**Data records**
########################################
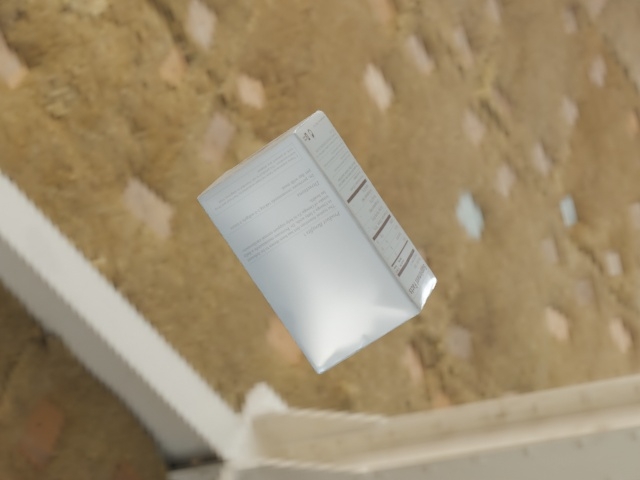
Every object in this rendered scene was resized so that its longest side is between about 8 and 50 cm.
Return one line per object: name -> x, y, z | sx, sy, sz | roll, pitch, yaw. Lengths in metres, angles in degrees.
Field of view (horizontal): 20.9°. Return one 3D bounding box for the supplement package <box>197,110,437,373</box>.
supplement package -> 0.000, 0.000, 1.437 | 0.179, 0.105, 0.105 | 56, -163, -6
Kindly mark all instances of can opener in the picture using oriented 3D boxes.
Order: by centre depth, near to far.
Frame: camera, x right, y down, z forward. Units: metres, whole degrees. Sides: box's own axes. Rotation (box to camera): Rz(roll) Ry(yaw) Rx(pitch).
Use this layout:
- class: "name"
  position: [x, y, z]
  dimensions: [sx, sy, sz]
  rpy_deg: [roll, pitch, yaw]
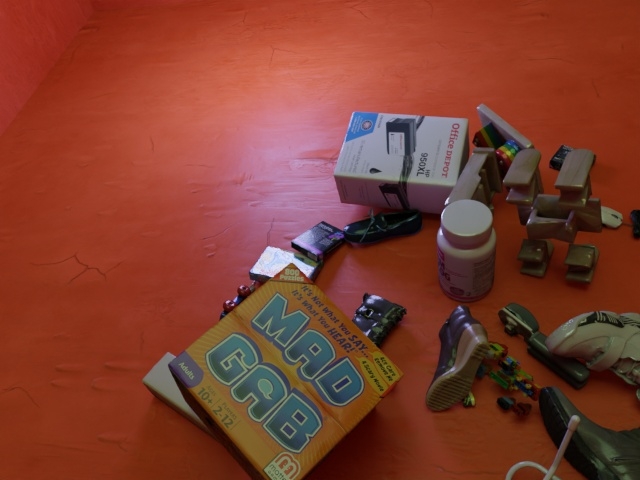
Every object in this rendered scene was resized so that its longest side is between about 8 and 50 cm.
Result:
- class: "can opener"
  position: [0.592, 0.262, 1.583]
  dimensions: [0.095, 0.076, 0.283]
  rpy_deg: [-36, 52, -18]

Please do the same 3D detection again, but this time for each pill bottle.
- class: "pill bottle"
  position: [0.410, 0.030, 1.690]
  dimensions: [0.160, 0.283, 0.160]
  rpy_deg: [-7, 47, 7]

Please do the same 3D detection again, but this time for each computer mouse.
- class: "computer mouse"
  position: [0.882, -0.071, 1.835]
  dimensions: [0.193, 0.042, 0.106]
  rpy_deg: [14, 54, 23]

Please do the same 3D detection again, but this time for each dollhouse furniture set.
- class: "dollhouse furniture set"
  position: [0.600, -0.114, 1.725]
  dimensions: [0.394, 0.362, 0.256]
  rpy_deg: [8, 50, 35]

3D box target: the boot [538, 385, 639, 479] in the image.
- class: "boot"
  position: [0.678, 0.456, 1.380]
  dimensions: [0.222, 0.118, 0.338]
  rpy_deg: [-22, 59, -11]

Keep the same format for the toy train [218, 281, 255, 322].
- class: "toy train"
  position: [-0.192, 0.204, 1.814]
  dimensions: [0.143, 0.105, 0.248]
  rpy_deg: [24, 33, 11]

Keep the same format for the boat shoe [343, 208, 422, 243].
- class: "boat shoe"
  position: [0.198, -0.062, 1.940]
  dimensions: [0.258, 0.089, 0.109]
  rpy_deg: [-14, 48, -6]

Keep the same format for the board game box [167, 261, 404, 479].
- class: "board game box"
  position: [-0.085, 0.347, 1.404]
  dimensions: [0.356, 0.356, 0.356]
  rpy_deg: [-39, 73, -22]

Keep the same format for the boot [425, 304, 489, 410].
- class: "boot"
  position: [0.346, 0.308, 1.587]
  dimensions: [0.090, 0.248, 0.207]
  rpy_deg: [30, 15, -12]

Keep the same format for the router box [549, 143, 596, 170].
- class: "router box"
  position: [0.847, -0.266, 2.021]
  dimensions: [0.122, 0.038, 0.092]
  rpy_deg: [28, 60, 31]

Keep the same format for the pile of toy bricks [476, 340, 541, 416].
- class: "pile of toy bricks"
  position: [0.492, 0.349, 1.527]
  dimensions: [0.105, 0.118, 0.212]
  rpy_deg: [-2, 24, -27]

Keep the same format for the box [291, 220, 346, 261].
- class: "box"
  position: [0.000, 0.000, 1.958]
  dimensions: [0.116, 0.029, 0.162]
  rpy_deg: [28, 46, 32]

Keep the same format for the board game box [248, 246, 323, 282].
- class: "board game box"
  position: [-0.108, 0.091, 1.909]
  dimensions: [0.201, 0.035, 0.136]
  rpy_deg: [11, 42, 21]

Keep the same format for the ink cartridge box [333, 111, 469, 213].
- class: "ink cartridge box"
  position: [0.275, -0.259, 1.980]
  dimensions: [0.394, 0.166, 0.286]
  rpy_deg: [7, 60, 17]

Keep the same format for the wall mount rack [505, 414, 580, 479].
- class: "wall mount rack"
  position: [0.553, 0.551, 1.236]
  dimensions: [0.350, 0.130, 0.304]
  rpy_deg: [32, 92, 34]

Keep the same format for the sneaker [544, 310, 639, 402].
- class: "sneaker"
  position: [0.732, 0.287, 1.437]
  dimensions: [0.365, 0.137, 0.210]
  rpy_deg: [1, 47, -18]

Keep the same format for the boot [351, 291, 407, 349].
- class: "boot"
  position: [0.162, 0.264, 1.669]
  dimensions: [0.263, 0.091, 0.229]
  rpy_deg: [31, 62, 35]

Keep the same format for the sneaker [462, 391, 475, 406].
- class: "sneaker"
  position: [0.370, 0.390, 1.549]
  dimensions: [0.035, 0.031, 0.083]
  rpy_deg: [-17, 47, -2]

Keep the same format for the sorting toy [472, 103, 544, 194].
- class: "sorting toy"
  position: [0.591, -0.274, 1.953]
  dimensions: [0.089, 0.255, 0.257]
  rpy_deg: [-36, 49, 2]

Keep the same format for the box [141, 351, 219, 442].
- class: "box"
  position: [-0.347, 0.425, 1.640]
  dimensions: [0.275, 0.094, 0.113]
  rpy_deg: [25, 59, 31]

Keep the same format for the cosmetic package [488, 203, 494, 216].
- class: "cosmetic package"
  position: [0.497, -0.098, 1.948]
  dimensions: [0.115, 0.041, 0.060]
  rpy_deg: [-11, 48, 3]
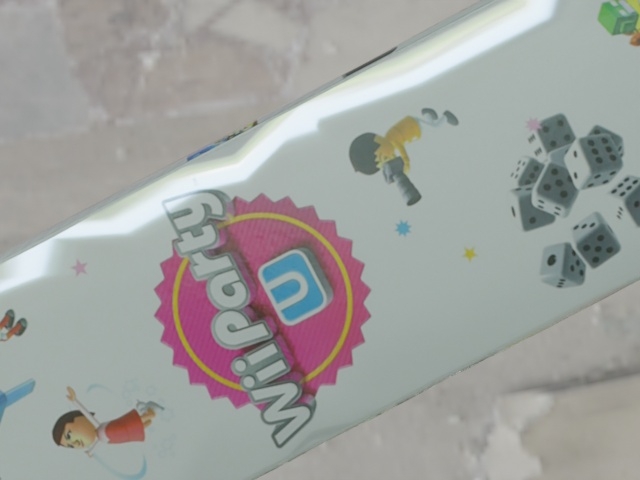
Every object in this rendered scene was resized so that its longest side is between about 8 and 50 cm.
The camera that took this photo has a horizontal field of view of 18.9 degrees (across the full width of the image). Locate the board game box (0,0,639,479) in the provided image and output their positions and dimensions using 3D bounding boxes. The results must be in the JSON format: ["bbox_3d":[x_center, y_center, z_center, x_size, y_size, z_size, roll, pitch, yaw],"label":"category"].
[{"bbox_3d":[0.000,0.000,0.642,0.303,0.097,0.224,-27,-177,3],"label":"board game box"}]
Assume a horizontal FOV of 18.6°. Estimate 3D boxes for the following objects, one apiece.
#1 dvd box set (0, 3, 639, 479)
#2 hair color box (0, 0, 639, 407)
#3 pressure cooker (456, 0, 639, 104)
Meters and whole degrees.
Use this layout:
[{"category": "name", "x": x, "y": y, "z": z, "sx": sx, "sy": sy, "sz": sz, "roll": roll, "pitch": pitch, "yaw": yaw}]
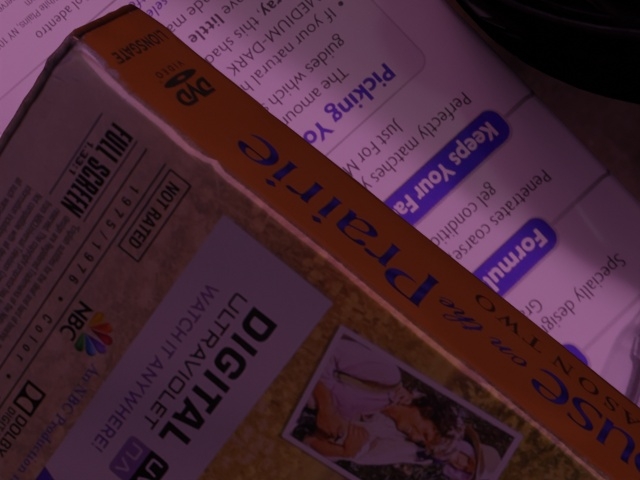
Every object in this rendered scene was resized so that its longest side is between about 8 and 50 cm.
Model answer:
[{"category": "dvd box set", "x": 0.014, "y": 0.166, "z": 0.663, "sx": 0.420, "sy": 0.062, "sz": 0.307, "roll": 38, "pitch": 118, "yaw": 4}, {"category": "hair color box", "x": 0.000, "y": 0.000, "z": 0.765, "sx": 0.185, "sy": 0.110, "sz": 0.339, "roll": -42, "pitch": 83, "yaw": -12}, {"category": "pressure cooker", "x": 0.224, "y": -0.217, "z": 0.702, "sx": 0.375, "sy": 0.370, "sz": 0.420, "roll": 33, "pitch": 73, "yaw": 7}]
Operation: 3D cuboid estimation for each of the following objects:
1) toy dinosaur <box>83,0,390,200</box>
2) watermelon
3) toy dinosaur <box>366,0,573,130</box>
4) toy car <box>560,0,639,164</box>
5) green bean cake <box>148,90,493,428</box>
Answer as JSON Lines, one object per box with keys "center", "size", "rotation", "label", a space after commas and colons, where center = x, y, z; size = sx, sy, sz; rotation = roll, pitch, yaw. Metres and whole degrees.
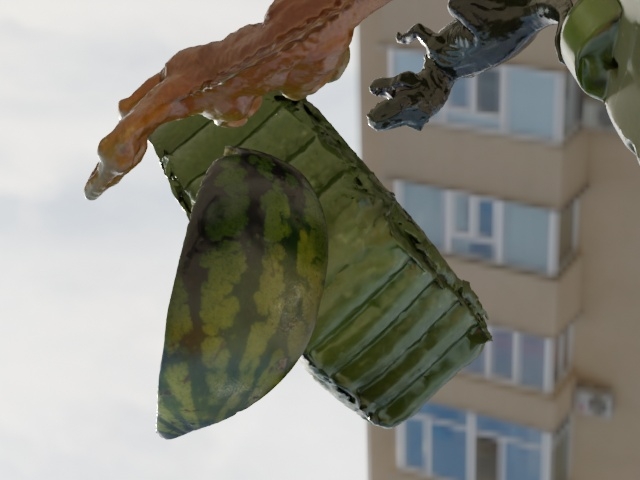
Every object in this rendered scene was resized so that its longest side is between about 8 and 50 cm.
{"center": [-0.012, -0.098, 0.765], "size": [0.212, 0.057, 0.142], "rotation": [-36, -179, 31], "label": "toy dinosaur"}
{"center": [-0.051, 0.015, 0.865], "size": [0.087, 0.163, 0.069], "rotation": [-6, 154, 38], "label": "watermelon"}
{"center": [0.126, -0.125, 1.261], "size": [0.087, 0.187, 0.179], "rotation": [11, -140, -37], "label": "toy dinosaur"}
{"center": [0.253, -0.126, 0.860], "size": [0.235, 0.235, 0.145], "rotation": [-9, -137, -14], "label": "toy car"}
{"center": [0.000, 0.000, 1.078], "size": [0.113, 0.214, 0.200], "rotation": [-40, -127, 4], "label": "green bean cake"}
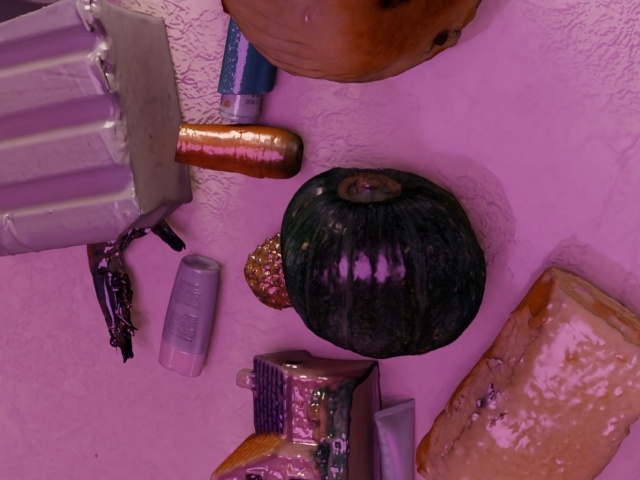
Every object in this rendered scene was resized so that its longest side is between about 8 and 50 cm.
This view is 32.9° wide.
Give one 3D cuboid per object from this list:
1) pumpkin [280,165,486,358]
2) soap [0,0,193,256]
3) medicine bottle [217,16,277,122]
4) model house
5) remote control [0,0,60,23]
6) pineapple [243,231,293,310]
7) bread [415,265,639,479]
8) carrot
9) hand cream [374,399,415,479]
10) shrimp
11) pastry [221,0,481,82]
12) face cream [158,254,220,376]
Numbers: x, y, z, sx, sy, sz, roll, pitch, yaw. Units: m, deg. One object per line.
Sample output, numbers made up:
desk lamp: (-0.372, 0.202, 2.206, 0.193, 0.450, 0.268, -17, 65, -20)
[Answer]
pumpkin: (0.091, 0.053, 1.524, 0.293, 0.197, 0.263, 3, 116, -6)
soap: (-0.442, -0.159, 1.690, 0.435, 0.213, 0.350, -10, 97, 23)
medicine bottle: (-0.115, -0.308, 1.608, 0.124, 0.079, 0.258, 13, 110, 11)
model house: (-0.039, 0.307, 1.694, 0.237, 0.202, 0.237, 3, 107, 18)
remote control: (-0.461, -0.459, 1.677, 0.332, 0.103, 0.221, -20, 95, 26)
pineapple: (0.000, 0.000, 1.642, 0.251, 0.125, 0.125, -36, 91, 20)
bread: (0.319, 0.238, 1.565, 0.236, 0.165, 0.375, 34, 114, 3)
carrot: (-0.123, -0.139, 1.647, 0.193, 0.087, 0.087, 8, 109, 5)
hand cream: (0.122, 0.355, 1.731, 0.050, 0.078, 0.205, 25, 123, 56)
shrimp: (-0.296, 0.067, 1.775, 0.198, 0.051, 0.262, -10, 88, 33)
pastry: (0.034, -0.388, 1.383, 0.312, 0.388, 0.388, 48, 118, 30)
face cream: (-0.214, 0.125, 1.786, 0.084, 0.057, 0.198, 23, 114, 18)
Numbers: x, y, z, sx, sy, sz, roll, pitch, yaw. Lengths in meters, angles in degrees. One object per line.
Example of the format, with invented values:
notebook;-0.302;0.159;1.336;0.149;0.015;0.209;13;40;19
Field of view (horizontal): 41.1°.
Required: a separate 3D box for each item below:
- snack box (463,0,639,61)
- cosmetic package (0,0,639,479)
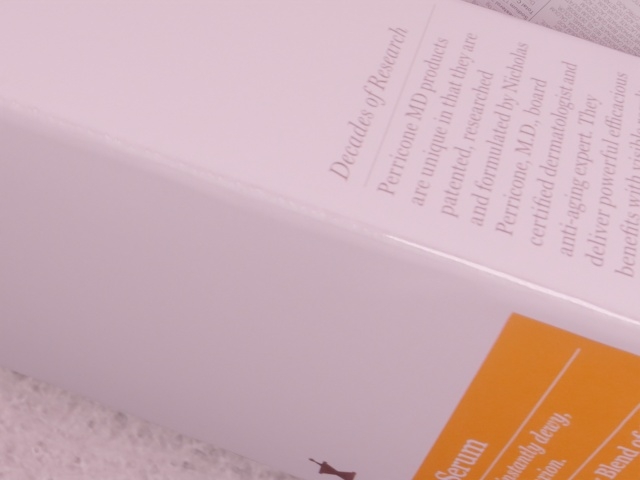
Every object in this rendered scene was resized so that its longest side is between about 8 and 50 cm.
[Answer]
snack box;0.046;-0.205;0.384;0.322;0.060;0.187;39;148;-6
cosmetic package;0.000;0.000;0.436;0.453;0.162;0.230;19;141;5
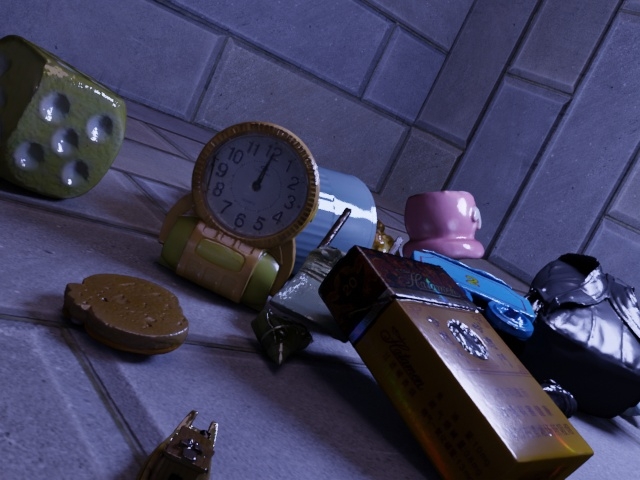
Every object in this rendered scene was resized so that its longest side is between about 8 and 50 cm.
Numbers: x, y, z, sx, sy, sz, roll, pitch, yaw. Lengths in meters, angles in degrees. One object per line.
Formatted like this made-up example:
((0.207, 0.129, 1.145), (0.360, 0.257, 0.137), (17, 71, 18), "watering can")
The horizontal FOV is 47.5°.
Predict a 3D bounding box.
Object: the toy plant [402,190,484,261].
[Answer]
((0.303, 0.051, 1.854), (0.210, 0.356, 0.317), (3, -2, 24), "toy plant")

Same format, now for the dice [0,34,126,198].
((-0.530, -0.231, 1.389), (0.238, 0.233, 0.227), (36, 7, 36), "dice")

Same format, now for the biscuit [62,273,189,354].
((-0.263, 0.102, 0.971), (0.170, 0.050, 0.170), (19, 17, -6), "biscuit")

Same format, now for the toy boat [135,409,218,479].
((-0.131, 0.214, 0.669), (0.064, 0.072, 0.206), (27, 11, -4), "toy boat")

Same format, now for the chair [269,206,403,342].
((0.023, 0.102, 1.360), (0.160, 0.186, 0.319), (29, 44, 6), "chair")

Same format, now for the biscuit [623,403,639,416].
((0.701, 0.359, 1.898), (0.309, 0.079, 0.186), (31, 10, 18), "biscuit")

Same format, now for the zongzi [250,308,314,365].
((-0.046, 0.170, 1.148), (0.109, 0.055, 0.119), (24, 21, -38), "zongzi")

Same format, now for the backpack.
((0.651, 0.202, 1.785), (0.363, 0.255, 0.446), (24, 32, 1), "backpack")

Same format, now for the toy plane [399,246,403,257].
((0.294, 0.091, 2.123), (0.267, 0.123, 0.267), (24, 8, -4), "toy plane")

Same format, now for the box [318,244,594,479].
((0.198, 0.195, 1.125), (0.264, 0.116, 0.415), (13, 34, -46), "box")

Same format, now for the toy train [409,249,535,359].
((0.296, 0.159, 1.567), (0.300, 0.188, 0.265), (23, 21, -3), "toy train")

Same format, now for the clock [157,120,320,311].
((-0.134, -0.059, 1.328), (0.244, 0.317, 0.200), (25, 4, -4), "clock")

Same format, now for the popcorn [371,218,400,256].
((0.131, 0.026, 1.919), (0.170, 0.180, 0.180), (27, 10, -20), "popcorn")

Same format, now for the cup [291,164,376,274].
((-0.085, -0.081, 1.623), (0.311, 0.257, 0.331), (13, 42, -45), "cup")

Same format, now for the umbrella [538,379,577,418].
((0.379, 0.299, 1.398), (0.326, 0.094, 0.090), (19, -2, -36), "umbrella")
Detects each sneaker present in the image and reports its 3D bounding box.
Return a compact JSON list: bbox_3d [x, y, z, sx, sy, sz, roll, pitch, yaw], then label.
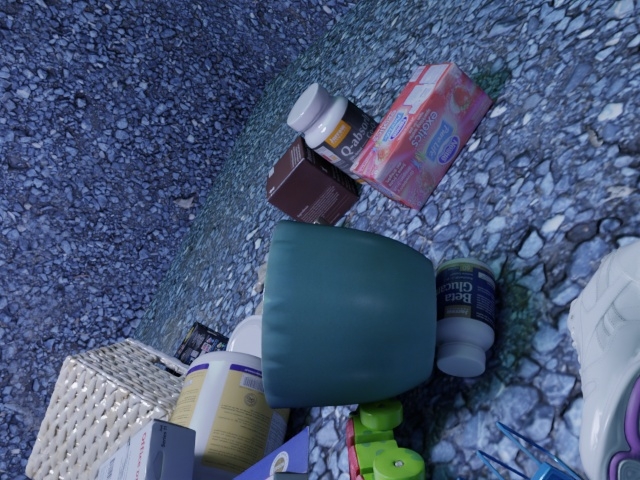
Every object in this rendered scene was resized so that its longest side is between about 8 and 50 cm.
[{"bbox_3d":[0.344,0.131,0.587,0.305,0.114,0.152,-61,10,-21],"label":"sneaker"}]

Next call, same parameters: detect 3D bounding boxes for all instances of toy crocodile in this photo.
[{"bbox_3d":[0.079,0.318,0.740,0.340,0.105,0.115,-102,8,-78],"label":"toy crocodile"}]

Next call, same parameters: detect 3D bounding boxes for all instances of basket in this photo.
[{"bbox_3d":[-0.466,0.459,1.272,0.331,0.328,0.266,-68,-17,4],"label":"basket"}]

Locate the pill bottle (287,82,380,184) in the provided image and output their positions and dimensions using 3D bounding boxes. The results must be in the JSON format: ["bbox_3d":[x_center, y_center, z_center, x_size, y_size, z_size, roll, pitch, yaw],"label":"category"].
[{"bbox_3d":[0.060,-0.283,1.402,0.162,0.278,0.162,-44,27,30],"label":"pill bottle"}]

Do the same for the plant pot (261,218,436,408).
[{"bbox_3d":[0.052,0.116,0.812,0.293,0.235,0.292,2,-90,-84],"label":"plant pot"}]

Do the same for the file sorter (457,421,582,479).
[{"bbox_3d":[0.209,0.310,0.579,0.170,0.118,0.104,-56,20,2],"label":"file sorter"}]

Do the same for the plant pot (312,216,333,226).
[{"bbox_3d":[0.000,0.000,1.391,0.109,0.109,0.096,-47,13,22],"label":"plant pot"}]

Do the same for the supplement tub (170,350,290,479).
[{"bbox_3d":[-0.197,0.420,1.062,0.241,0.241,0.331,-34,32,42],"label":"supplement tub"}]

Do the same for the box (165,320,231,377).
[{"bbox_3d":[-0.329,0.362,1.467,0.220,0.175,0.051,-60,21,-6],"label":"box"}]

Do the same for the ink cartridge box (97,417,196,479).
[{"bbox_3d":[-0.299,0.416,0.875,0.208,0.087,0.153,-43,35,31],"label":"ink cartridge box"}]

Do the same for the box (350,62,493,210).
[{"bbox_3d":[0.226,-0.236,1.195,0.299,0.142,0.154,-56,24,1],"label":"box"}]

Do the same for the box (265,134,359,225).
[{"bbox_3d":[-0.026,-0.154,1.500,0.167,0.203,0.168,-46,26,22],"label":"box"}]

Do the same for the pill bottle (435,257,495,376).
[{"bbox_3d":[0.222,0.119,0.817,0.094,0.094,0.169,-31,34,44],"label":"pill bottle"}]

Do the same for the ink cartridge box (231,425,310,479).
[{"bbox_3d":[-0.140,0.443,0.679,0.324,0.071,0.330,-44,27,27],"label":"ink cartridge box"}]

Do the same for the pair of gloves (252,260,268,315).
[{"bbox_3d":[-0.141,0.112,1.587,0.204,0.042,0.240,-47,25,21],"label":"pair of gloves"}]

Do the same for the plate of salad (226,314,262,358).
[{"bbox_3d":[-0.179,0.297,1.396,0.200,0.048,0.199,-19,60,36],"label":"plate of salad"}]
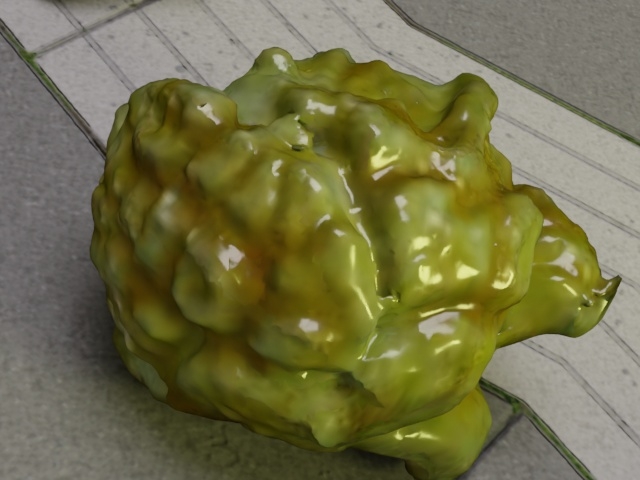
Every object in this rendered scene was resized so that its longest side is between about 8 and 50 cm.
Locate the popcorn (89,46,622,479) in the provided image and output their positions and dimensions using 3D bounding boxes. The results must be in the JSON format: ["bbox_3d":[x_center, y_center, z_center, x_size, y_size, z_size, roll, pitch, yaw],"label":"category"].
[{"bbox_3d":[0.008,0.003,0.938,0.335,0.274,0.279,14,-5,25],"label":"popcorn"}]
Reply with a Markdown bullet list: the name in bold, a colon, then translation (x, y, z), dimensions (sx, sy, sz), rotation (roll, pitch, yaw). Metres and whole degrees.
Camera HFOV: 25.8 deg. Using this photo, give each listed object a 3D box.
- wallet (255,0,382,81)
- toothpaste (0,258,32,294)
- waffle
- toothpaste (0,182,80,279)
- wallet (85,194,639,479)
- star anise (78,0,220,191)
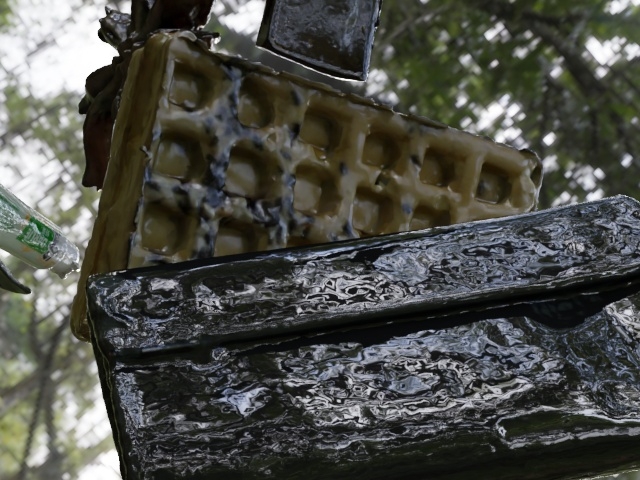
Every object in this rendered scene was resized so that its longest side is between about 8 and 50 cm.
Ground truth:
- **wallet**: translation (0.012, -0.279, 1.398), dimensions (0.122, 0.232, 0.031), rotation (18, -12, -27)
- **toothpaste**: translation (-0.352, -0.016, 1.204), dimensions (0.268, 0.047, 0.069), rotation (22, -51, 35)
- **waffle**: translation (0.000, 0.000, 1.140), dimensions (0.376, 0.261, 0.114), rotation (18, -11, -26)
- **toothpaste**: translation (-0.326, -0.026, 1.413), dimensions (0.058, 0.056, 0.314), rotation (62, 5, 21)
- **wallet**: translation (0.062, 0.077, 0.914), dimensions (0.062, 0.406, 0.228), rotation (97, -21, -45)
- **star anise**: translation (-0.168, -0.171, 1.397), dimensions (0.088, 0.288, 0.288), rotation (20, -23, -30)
########################################
**How to complete this task**
Return only the lines between the one holding "Operation: 3D cuboid" and the one holding "Answer as JSON", inclusive, exactly as they appear above.

**Written answer**
Operation: 3D cuboid estimation for each of the following objects:
1) toy dinosaur <box>83,0,390,200</box>
2) watermelon
3) toy dinosaur <box>366,0,573,130</box>
4) toy car <box>560,0,639,164</box>
5) green bean cake <box>148,90,493,428</box>
Answer as JSON Lines, one object per box with keys "center", "size", "rotation", "label", a space after commas and colons, where center = x, y, z; size = sx, sy, sz; rotation = roll, pitch, yaw. Metres and whole degrees.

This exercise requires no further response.